By Paul Fischer Friday September 18th 2009 10:42AM
Amanda Seyfried for "Jennifer's Body"

Beautiful 23-year old Amanda Seyfried is riding a wave of success these days. Amanda Louise Seyfried grew up in Allentown, Pennsylvania. She began modelling at 11 and took singing lessons until she was 17 – all in preparation for a career in the arts. Seyfried also started acting while she was attending William Allen High School.

In 2000, the budding star played Lucinda Marie on "As the World Turns, followed by a recurring appearance from 2002-03 as Joni Stafford on "All My Children". The actress also appeared on the cover of three of Francine Pascals books, the author of the bestselling teen series "Sweet Valley High".

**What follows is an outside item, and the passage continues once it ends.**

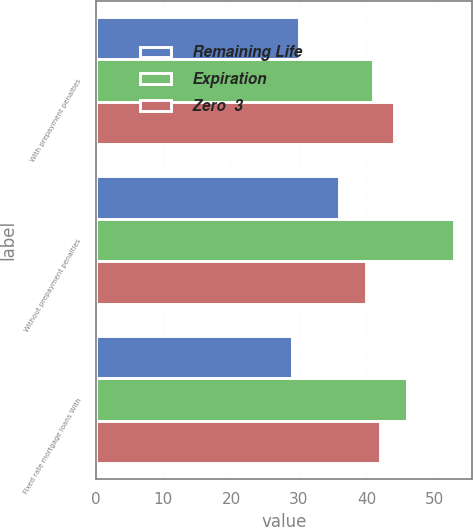<chart> <loc_0><loc_0><loc_500><loc_500><stacked_bar_chart><ecel><fcel>With prepayment penalties<fcel>Without prepayment penalties<fcel>Fixed rate mortgage loans With<nl><fcel>Remaining Life<fcel>30<fcel>36<fcel>29<nl><fcel>Expiration<fcel>41<fcel>53<fcel>46<nl><fcel>Zero  3<fcel>44<fcel>40<fcel>42<nl></chart> 
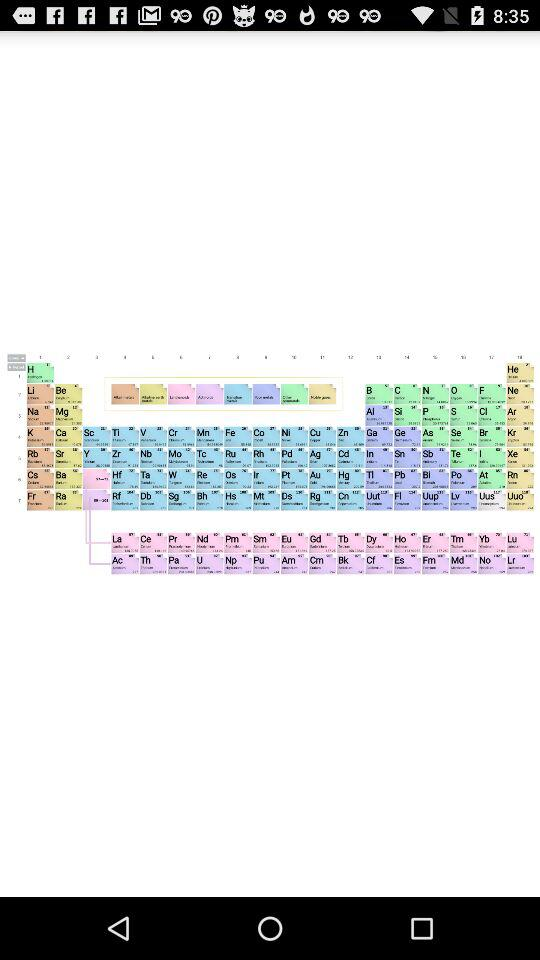How many downloads does the app have?
Answer the question using a single word or phrase. 200 thousand 
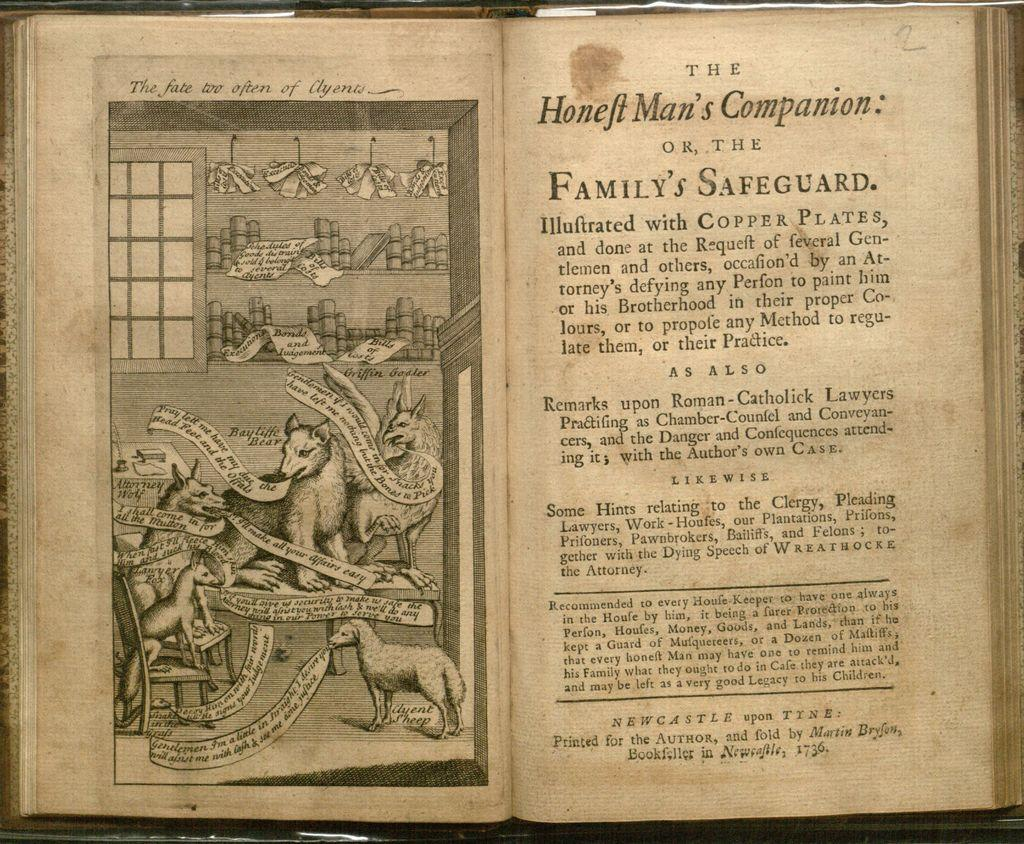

Following her high school graduation, the actress enrolled at Fordham University in New York, but had to put her education on hold when she got cast as Karen Smith, the ditsy member of "the Plastics," in the 2004 hit high school comedy "Mean Girls," along with Lindsay Lohan and Rachel McAdams. Seyfried initially tried out for the roles Lohan (naïve Cady) and McAdams (queen bee Regina) played, yet there was something about taking on the loveable airhead role that made Seyfried a major standout in the film. "Mean Girls" became such a hit that Seyfried could have gone after lighthearted roles that were similar to the dumb blonde routine she nailed in the film.

Instead, she went after intricate, character-driven projects including a leading role in "Nine Lives" (2005), an interwoven story about nine women that also starred Robyn Wright Penn and Academy-Award winner Holly Hunter. After making appearances on the big screen, Seyfried returned to television, playing Lilly Kane – the title character’s murdered best friend – on "Veronica Mars". Guest appearances on "House", "Law & Order: Special Victims Unit" and "CSI: Crime Scene Investigation" kept Seyfried busy throughout 2006, yet she still had time in her schedule for "Big Love". In the hit HBO drama about polygamy, Seyfried blew critics and audiences away with her emotionally-charged performance as her polygamist father Bill Paxton’s eldest daughter, Sarah.

In 2007, Seyfried appeared in "Alpha Dog," a violent drama inspired by the true story of Jesse James Hollywood, a drug dealer who became one of the youngest men ever on the FBI’s Most Wanted List. The film boasted a cast of Hollywood up-and-comers, including Emile Hirsch, Ben Foster, and Justin Timberlake, along with veteran screen actors Bruce Willis and Sharon Stone.

That same year, it was announced that Seyfried was to star as Sophie, the lead role in "Mamma Mia!" a lavish film version of the long-running Broadway production, opposite Meryl Streep, Colin Firth, and Pierce Brosnan. The actress also appeared in the films "Boogie Woogie" (2008), and her latest films premiering at the Toronto Film Festival are the Diablo Cody-scripted horror film about teen angst, "Jennifer’s Body", in which she plays a girl with a crush on her best friend, manipulative cheerleader Jennifer who ends up being possessed and eats the men in her small town. Seyfried also stars opposite Julianne Moore in Atom Egoyan’s Chloe.

The actress discussed both films as well as that now infamous kiss she shares with Megan Fox, with PAUL FISCHER.

Question: What was your first impression of Jennifer’s Body when you read it? Is it a genre that you would normally be attracted to?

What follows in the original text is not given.